* [Aim of the task]: In the records below, begin at the line that has "Your response must be concise. 1.55." and stop after the line that has "Your answer should be very brief. 7.22."; quote those lines verbatim and nothing more.

* [Extracted data]:
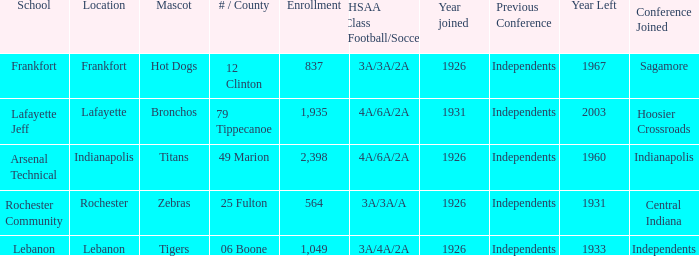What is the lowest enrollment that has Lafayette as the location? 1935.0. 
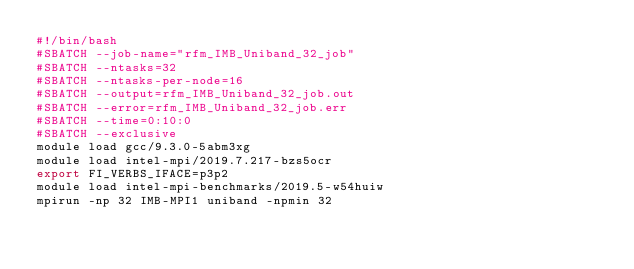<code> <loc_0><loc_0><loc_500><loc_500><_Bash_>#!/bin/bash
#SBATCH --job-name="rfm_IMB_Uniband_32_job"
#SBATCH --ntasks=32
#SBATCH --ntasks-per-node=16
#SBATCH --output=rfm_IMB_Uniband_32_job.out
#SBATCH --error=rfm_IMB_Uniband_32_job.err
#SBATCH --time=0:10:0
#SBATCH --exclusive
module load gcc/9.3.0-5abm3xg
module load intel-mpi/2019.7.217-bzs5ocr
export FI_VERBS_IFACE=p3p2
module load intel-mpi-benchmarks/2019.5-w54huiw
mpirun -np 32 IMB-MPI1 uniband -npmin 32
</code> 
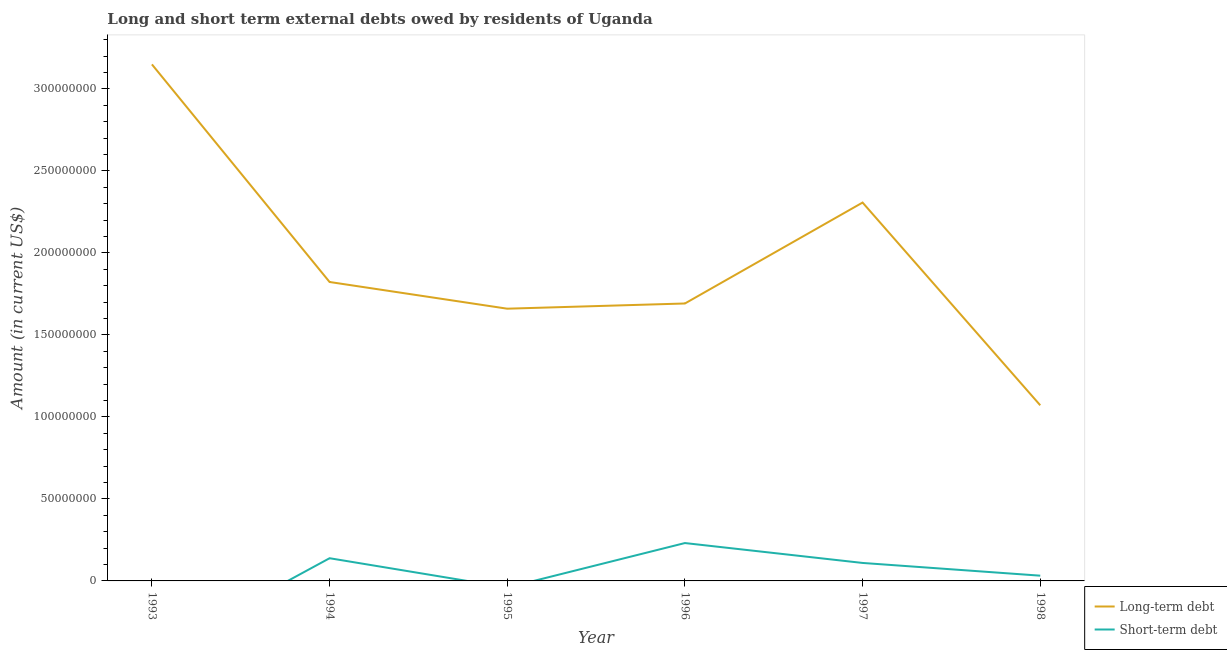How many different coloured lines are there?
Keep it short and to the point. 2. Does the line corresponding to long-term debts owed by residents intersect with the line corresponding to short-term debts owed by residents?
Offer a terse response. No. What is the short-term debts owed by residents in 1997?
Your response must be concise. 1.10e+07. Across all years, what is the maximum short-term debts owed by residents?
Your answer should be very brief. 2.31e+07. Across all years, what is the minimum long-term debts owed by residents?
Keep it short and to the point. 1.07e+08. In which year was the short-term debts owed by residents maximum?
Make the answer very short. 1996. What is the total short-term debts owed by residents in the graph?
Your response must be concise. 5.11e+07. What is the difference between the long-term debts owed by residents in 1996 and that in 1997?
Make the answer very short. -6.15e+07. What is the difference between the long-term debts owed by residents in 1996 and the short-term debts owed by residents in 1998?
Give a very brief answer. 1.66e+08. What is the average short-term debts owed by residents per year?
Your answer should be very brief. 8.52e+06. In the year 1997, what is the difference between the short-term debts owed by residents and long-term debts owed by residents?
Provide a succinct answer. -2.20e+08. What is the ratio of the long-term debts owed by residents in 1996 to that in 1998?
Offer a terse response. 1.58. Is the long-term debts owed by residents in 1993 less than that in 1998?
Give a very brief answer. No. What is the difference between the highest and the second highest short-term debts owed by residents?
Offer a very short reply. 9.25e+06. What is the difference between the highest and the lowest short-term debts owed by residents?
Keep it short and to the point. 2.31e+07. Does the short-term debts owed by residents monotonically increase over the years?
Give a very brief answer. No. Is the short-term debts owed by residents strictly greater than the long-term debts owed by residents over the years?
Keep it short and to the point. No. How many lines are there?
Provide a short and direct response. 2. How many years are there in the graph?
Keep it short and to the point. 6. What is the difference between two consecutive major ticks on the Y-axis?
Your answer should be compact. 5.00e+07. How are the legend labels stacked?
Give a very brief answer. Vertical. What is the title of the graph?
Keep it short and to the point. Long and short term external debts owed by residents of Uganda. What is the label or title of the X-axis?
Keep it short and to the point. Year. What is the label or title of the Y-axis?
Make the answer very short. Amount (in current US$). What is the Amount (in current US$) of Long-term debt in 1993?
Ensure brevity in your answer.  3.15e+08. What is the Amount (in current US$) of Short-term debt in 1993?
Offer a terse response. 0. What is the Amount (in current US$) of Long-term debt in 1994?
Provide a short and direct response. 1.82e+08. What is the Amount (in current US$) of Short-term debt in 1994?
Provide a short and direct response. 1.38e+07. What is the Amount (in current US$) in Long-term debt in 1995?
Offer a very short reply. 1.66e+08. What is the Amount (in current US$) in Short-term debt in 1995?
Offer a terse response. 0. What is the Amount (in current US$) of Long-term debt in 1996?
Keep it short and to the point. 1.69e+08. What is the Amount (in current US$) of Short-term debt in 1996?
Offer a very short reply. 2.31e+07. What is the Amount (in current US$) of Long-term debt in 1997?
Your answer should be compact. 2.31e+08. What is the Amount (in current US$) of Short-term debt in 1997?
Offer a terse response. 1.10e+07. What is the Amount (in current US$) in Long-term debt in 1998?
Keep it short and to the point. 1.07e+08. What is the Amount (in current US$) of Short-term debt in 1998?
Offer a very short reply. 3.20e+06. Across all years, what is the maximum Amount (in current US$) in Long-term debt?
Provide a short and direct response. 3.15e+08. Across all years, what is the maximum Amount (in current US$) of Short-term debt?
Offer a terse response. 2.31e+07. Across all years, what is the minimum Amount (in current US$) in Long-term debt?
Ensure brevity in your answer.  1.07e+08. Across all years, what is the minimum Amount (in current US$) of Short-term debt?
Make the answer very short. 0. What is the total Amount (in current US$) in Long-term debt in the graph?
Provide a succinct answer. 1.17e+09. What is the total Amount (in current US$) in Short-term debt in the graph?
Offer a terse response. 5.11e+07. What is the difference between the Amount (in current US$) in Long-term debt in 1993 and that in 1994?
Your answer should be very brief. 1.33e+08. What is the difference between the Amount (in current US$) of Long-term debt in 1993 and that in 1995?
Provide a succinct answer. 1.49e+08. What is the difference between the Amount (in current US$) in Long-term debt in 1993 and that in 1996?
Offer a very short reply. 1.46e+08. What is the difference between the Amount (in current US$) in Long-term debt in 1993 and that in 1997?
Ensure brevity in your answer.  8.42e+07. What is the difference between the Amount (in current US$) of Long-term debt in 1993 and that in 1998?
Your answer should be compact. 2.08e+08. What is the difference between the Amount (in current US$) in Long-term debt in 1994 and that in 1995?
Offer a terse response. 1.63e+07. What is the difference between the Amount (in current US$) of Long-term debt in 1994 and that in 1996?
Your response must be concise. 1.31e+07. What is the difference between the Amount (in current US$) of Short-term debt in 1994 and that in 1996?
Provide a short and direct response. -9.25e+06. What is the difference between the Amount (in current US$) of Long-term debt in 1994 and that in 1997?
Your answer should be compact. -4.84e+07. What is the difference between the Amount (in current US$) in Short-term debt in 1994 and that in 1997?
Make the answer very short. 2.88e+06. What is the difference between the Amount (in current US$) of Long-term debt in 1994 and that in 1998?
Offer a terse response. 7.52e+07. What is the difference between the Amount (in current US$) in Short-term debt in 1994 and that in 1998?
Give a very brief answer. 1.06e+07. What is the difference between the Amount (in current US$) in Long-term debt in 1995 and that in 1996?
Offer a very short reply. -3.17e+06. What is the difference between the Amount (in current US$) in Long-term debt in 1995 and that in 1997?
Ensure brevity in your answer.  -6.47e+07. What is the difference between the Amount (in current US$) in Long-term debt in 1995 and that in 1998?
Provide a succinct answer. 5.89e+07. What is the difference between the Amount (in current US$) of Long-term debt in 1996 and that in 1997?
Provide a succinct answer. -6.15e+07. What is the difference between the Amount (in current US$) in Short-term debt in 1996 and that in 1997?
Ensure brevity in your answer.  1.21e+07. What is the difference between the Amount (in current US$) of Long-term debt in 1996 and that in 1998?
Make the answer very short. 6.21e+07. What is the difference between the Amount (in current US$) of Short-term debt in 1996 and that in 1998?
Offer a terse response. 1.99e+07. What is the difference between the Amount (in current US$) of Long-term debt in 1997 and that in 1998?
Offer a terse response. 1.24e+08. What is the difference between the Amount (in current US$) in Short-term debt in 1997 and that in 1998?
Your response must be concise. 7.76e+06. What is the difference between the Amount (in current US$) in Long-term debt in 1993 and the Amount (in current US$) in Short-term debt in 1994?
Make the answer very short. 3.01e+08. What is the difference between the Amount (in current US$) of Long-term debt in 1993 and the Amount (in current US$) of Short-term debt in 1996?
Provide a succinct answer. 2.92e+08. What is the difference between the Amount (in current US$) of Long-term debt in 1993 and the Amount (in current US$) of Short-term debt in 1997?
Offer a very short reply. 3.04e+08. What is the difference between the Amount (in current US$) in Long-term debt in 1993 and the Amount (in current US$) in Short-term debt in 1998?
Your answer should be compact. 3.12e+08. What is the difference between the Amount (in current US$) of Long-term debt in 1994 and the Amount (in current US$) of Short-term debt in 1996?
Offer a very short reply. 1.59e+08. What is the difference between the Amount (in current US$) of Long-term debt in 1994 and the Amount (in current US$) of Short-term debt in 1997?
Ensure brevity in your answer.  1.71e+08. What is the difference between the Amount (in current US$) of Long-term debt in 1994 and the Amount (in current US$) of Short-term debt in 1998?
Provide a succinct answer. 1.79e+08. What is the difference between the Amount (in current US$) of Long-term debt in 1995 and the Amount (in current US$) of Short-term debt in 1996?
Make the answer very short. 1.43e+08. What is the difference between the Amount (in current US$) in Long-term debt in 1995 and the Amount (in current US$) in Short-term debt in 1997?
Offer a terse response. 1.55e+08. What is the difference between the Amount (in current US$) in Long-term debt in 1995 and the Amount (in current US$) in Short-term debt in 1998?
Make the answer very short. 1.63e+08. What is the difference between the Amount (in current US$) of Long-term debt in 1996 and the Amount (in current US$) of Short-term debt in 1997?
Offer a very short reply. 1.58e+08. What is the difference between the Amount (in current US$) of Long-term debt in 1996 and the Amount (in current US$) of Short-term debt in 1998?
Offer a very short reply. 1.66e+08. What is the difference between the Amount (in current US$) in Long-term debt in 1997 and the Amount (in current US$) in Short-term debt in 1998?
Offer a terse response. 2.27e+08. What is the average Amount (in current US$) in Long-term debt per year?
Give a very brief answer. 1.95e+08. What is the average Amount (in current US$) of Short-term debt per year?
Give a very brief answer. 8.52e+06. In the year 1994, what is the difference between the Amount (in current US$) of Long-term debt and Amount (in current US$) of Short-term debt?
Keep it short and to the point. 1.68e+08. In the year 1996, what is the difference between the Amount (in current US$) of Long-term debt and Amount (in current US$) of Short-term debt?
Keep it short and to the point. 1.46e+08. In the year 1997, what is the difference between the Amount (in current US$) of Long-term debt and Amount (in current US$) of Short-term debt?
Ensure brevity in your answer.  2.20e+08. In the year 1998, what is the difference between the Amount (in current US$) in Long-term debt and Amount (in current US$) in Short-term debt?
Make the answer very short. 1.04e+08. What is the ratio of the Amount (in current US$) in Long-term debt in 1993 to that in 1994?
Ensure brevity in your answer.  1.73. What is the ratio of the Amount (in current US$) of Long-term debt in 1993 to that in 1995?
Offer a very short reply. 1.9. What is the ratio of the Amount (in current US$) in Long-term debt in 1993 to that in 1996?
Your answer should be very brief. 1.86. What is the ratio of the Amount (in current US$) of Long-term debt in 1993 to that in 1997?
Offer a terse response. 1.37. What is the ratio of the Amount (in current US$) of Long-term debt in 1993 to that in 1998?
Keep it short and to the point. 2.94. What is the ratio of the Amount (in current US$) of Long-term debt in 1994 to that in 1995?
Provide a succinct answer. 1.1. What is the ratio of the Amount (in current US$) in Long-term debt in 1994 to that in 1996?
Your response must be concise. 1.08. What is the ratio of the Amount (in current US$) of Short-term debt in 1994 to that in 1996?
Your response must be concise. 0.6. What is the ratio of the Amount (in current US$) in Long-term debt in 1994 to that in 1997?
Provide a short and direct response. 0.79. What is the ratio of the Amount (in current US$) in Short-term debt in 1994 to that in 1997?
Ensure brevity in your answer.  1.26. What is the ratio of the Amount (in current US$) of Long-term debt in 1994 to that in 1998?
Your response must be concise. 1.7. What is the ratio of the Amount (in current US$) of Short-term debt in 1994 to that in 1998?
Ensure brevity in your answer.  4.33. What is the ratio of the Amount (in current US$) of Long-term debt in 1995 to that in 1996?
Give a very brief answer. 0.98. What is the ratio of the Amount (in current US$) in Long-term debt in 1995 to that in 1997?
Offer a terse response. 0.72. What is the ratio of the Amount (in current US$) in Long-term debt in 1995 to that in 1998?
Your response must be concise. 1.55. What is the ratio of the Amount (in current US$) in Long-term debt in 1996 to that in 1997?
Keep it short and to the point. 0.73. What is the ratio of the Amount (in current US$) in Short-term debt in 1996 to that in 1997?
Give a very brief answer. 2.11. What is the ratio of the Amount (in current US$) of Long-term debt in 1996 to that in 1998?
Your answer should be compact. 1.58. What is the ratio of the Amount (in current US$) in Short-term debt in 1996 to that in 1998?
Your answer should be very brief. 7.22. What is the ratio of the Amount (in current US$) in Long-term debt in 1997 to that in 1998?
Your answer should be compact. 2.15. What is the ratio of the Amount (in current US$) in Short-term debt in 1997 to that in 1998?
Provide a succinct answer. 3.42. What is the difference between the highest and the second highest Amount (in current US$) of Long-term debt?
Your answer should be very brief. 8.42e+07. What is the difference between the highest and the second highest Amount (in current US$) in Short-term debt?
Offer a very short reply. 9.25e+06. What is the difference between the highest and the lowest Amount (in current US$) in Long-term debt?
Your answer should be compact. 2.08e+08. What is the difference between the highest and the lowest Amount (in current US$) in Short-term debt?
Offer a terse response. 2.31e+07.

* * *

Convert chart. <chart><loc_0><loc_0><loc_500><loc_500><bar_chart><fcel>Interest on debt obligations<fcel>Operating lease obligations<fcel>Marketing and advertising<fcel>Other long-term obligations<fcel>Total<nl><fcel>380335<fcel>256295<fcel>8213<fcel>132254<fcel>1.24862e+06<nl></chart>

* [Exercise response]:
Your response must be concise. 1.55. What is the ratio of the Amount (in current US$) in Long-term debt in 1996 to that in 1997?
Keep it short and to the point. 0.73. What is the ratio of the Amount (in current US$) in Short-term debt in 1996 to that in 1997?
Give a very brief answer. 2.11. What is the ratio of the Amount (in current US$) of Long-term debt in 1996 to that in 1998?
Your answer should be compact. 1.58. What is the ratio of the Amount (in current US$) in Short-term debt in 1996 to that in 1998?
Your answer should be very brief. 7.22. What is the ratio of the Amount (in current US$) in Long-term debt in 1997 to that in 1998?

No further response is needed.